» Task description
The response should be the records below, repeated exactly, with each picture left out.

** Opening Given entries block **

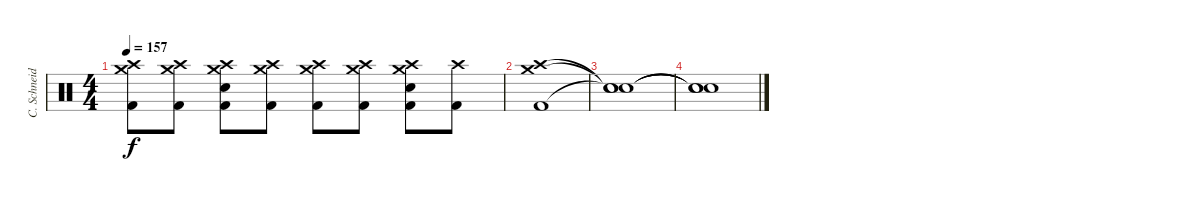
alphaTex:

\track ("C. Schneider" "C. Schneid") {instrument percussion}
\staff {score}
\articulation defaults
\ts (4 4)
\tempo 157
\clef neutral
\ks c
("Kick (hit) 2" "Crash high (hit)" "Crash medium (hit)").8{dy f} ("Kick (hit) 2" "Crash high (hit)" "Crash medium (hit)").8 ("Kick (hit) 2" "Electric Snare (hit)" "Crash high (hit)" "Crash medium (hit)").8 ("Kick (hit) 2" "Crash high (hit)" "Crash medium (hit)").8 ("Kick (hit) 2" "Crash high (hit)" "Crash medium (hit)").8 ("Kick (hit) 2" "Crash high (hit)" "Crash medium (hit)").8 ("Kick (hit) 2" "Electric Snare (hit)" "Crash high (hit)" "Crash medium (hit)").8 ("Kick (hit) 2" "Crash high (hit)").8 |
("Kick (hit) 2" "Crash high (hit)" "Crash medium (hit)").1 |
("Snare (hit)"{t} "Snare (hit)"{t} "Snare (hit)"{t}).1 |
("Snare (hit)"{t} "Snare (hit)"{t} "Snare (hit)"{t}).1

** Closing Given entries block **

» Response for this exercise
alphaTex:

\track ("C. Schneider" "C. Schneid") {instrument percussion}
\staff {score}
\articulation defaults
\ts (4 4)
\tempo 157
\clef neutral
\ks c
("Kick (hit) 2" "Crash high (hit)" "Crash medium (hit)").8{dy f} ("Kick (hit) 2" "Crash high (hit)" "Crash medium (hit)").8 ("Kick (hit) 2" "Electric Snare (hit)" "Crash high (hit)" "Crash medium (hit)").8 ("Kick (hit) 2" "Crash high (hit)" "Crash medium (hit)").8 ("Kick (hit) 2" "Crash high (hit)" "Crash medium (hit)").8 ("Kick (hit) 2" "Crash high (hit)" "Crash medium (hit)").8 ("Kick (hit) 2" "Electric Snare (hit)" "Crash high (hit)" "Crash medium (hit)").8 ("Kick (hit) 2" "Crash high (hit)").8 |
("Kick (hit) 2" "Crash high (hit)" "Crash medium (hit)").1 |
("Snare (hit)"{t} "Snare (hit)"{t} "Snare (hit)"{t}).1 |
("Snare (hit)"{t} "Snare (hit)"{t} "Snare (hit)"{t}).1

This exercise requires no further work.